Another advantage of the multi-blade was its flexibility in use. It coped with large or small blocks with ease, and could also machine granite of different hardnesses without the need for blade changing. Frame saws, on the other hand, needed frequent blade changing to suit the variation in hardness found from different granite types.
FINISHING
Finishing operations involve cutting to final size and calibration/polishing of the slab or tile. These operations are normally carried out on fully automatic conveyor lines, where the primary sawn slabs or tiles enter at one end and come out as finished products at the other. The normal sequence of events is cutting into longitudinal strips, thickness calibration, polishing, transverse cutting into final size, and finally edging and chamfering.
Diamond tools play an important role at all these stages, and improvements to the basic machines used combined with advances in diamond-tool specifications – in terms of diamond-grit selection, diamond concentration and bond formulation – have led to significant savings and increased production.

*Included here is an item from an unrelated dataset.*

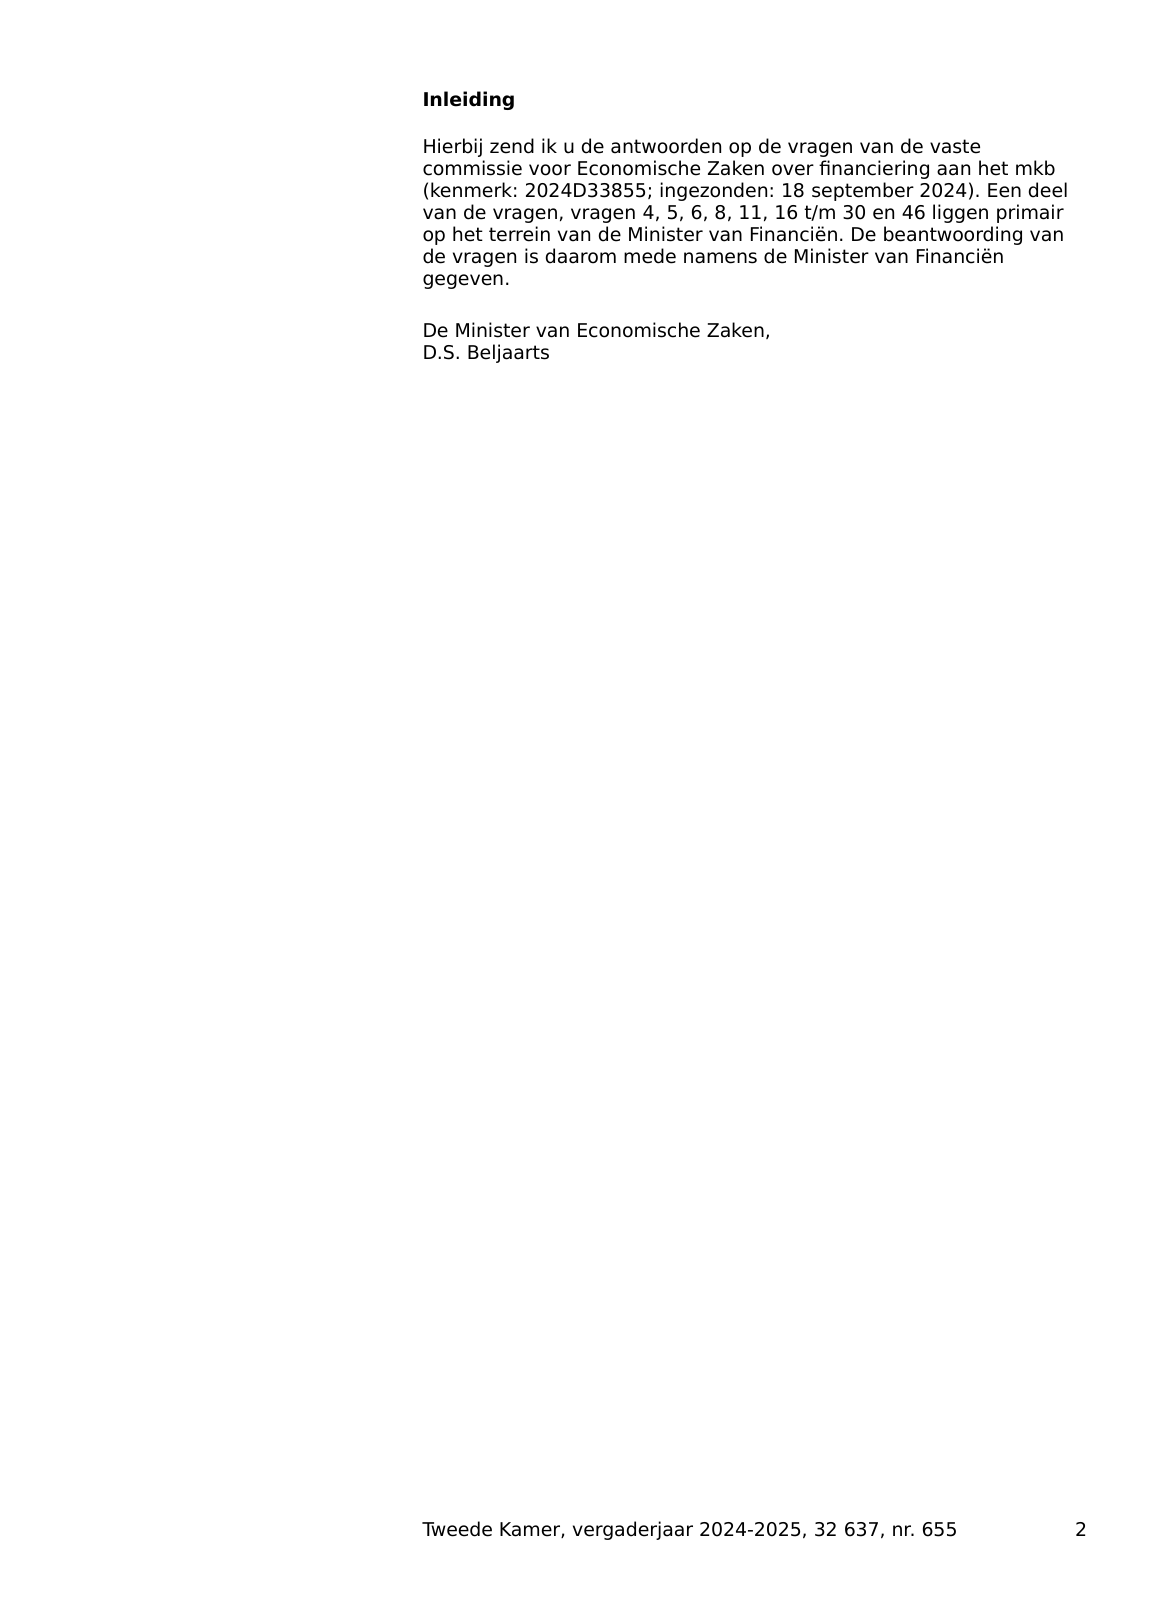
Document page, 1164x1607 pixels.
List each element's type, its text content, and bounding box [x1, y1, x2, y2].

text Hierbij zend ik u de antwoorden op de vragen van de vaste commissie voor Economische Zaken over financiering aan het mkb (kenmerk: 2024D33855; ingezonden: 18 september 2024). Een deel van de vragen, vragen 4, 5, 6, 8, 11, 16 t/m 30 en 46 liggen primair op het terrein van de Minister van Financiën. De beantwoording van de vragen is daarom mede namens de Minister van Financiën gegeven. [422, 136, 1087, 290]
subtitle Inleiding [422, 89, 1087, 111]
text De Minister van Economische Zaken, D.S. Beljaarts [422, 320, 1087, 364]

Also, diamond tools are being introduced at more stages of the operation, such as calibration and polishing. A typical polishing line will have 20 heads and, until recently, often only the first two or three heads would be fitted with diamond tools. Now, stone producers are fitting diamond polishing heads on the first nine or 10 stations, and polishing costs per square meter have been shown to be halved.
DIAMOND SYNTHESIS
Perhaps the most-important influence on the increased use of diamond tooling in the stone industry is the increase in volume of synthetic diamond now produced worldwide. In the mid 1960s, total output of industrial diamond was around 30 million carats. split almost 50-50 between natural and synthetic. Today, nearly all diamond used for industry is synthetic – as much as 99 percent, perhaps – with the market estimated as high as 2 billion carats. The huge increase in the use of diamond tooling would not have been possible without the existence of enough volume of raw material to support it.
But another – and equally important factor in this increase in synthetic diamond production – is the fact that diamond particles can now be ‘engineered’ to suit particular applications. I simple terms, diamond needed to cut the very hard granites should be blocky in shape and highly impact-resistant, whereas diamond used for free-cutting and less-demanding applications should be more-irregular in shape and more-friable.

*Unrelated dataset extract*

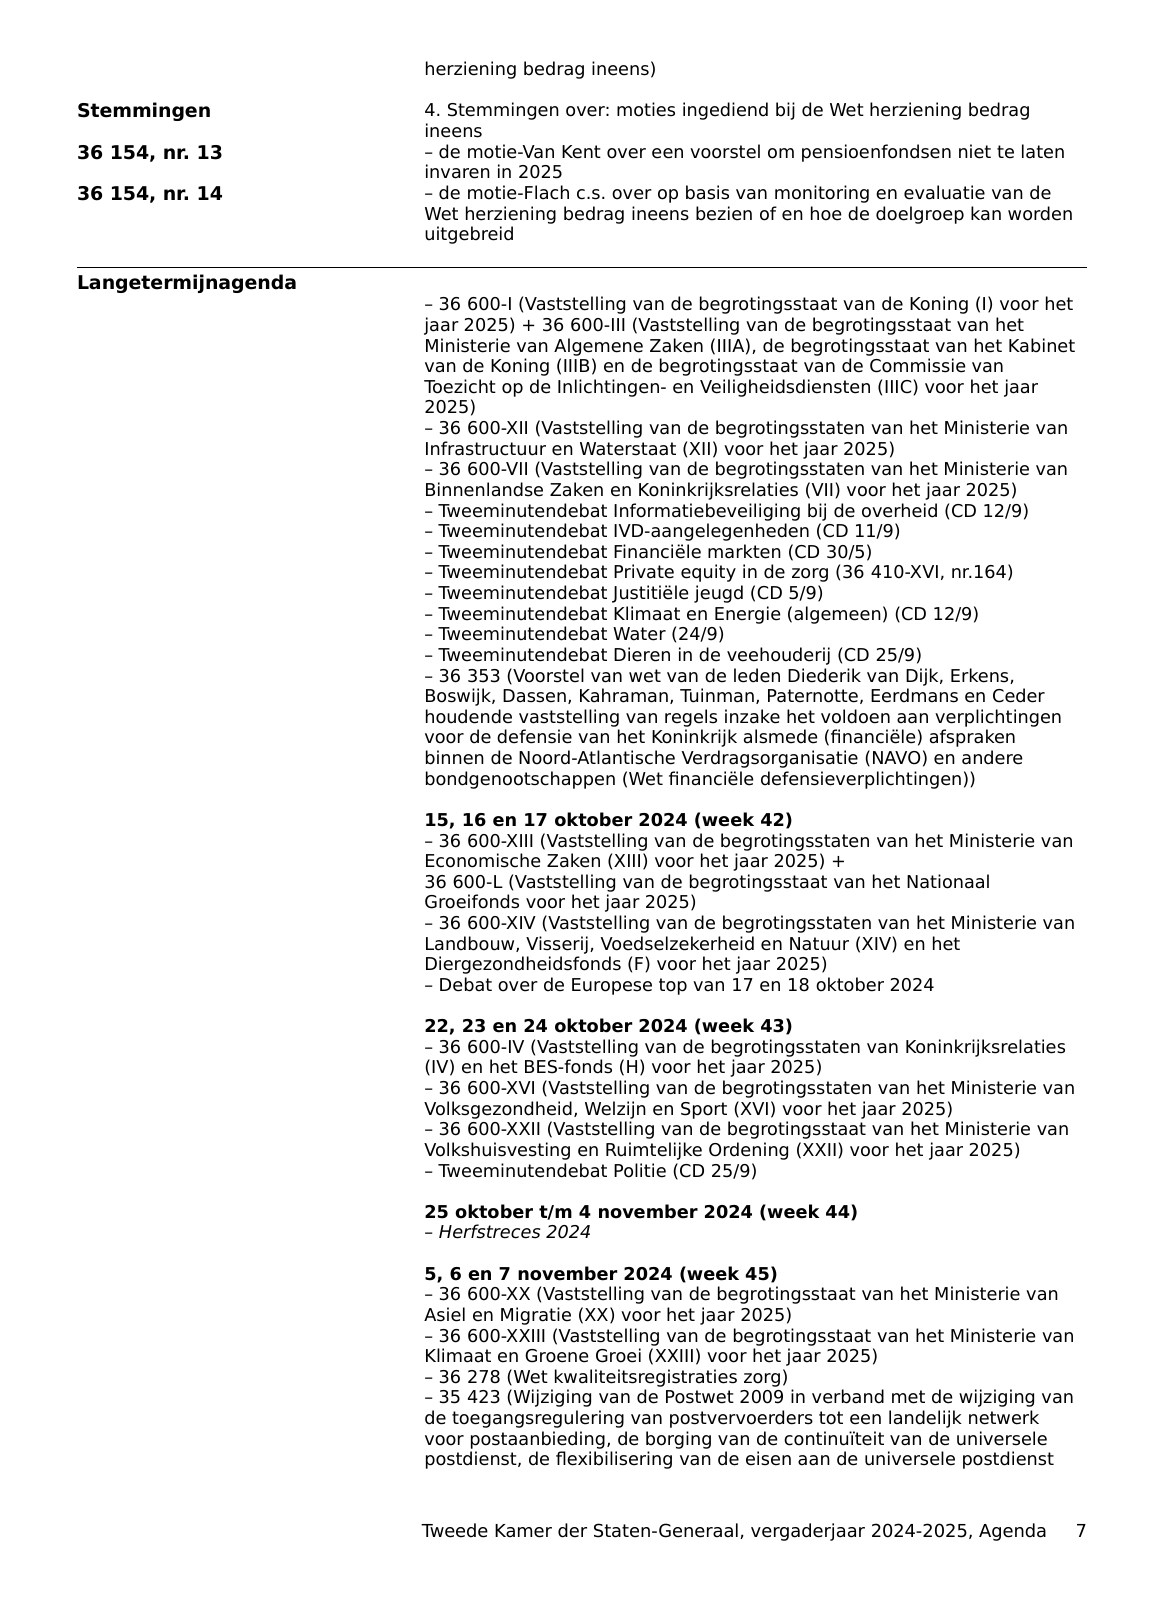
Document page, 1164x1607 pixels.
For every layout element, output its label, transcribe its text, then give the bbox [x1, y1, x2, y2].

With the sophisticated diamond synthesis techniques available today, diamond can be manufactured to suit whatever is required. Diamond toolmakers now have an extensive choice of diamond available and this, coupled with advances they themselves have made in the bond formulations and sintering techniques used, ensures that the right tool is used for the right job.
Thus even ‘standard’ diamond saw lades – such as the relatively smaller diameter ones which have always been required for finishing cuts on granite tiles and slabs – now perform much more efficiently, at higher cutting rates and lower tooling costs.
Martin Jennings is the managing editor of Industrial Diamond Review in Wembley, England.
This article first appeared in the August 2004 print edition of Stone Business. ©2004 Western Business Media Inc.